Wolfe F, Anderson J, Harkness D, Bennett R M, Caro X J, Goldenberg D L, Russell I J, Yunus M B
Arthritis Research Center, Wichita, KS 67214, USA.
J Rheumatol. 1997 Jun;24(6):1171-8.
To determine the prevalence and determinants of self-reported work disability in persons with fibromyalgia (FM).
A longitudinal, multicenter survey of 1604 patients with FM from 6 centers with diverse socioeconomic characteristics was begun in 1988. Assessments were by self-report questionnaire and telephone contact, and included work and disability events that occurred before and after 1988. Comparative analyses were performed on the entire data set and, separately, on the Wichita data set.
More than 16% of patients reported receiving US Social Security disability (SSD) payments (highest center rate 35.7%; lowest center rate 6.3%) compared to 2.2% of the US population (US Social Security Administration data) and 28.9% of patients with rheumatoid arthritis seen at the Wichita outpatient rheumatology clinic. Overall, 26.5% reported receiving at least one form of disability payment when SSD and other sources of disability payments were considered. In Wichita, less than 25% of SSD awards were made specifically for FM, but after 1988 that figure increased to 46.4%. Work disability was greatest at the San Antonio and Los Angeles centers. Multivariate predictors (correlates) included pain, Health Assessment Questionnaire disability, and unmarried status. In addition, more than 70% of patients reporting being disabled did receive disability payments. On the other hand, 64% reported being able to work all or most days, and more than 70% were employed or were homemakers.
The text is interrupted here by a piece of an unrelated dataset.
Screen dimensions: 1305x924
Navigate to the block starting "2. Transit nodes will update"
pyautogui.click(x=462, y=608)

Although most patients (64%) report being able to work, we found high rates of self-reported work disability awards among persons with FM followed in 6 rheumatology centers. But we also found great variability among centers as to awards and as to self-reported work ability. Center differences in work disability might reflect clinic referral patterns, physician beliefs, or socioeconomic status.
确定纤维肌痛(FM)患者自我报告的工作残疾患病率及其决定因素。
1988年开始对来自6个具有不同社会经济特征中心的1604例FM患者进行纵向多中心调查。通过自我报告问卷和电话联系进行评估,包括1988年之前和之后发生的工作和残疾事件。对整个数据集以及分别对威奇托数据集进行了比较分析。
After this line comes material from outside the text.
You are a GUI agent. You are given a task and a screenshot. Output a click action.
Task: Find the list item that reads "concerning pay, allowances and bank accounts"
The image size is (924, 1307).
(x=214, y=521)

超过16%的患者报告领取美国社会保障残疾(SSD)福利金(中心最高比例为35.7%;最低中心比例为6.3%),而美国人口的这一比例为2.2%(美国社会保障管理局数据),在威奇托门诊风湿病诊所就诊的类风湿关节炎患者中这一比例为28.9%。总体而言,当考虑SSD和其他残疾福利金来源时,26.5%的患者报告领取了至少一种形式的残疾福利金。在威奇托,专门因FM发放的SSD福利金不到25%,但1988年之后这一数字增至46.4%。工作残疾在圣安东尼奥和洛杉矶中心最为严重。多变量预测因素(相关因素)包括疼痛、健康评估问卷残疾情况和未婚状况。此外,报告残疾的患者中超过70%确实领取了残疾福利金。另一方面,64%的患者报告能够全天或大部分时间工作,超过70%的患者受雇或为家庭主妇。
尽管大多数患者(64%)报告能够工作,但我们发现,在6个风湿病中心随访的FM患者中,自我报告的工作残疾福利金领取率很高。但我们也发现,各中心在福利金发放和自我报告的工作能力方面存在很大差异。工作残疾的中心差异可能反映了诊所转诊模式、医生观念或社会经济地位。